(Instructions for the task) Line by line, the data below should be set down unchanged, with images excluded.

(Information shown)

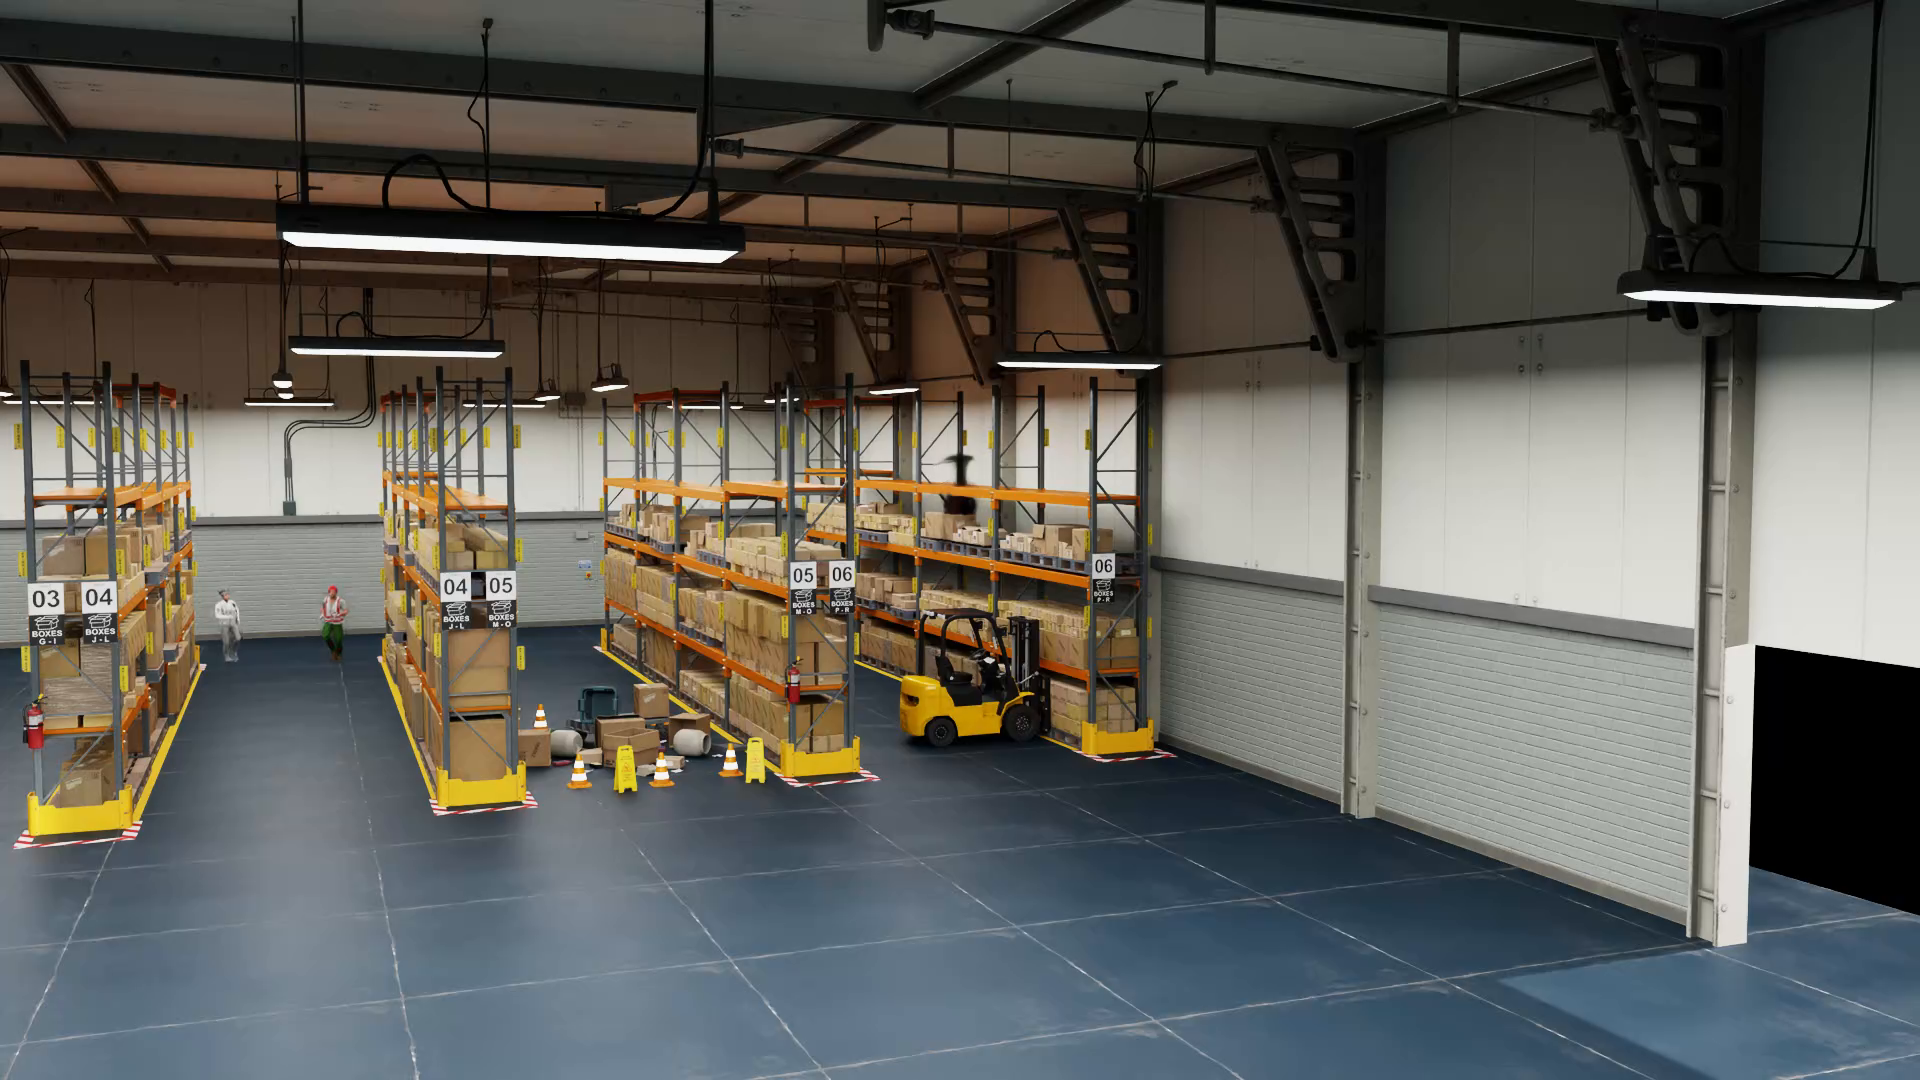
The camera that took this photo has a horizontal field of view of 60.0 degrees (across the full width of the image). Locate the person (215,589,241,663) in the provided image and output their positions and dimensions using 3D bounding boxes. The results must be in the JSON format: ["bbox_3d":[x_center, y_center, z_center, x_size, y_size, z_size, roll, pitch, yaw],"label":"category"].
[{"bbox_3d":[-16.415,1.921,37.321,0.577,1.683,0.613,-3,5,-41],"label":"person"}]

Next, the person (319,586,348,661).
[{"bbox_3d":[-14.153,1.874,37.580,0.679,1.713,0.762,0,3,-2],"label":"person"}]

(The completed task)
The camera that took this photo has a horizontal field of view of 60.0 degrees (across the full width of the image). Locate the person (215,589,241,663) in the provided image and output their positions and dimensions using 3D bounding boxes. The results must be in the JSON format: ["bbox_3d":[x_center, y_center, z_center, x_size, y_size, z_size, roll, pitch, yaw],"label":"category"].
[{"bbox_3d":[-16.415,1.921,37.321,0.577,1.683,0.613,-3,5,-41],"label":"person"}]

Next, the person (319,586,348,661).
[{"bbox_3d":[-14.153,1.874,37.580,0.679,1.713,0.762,0,3,-2],"label":"person"}]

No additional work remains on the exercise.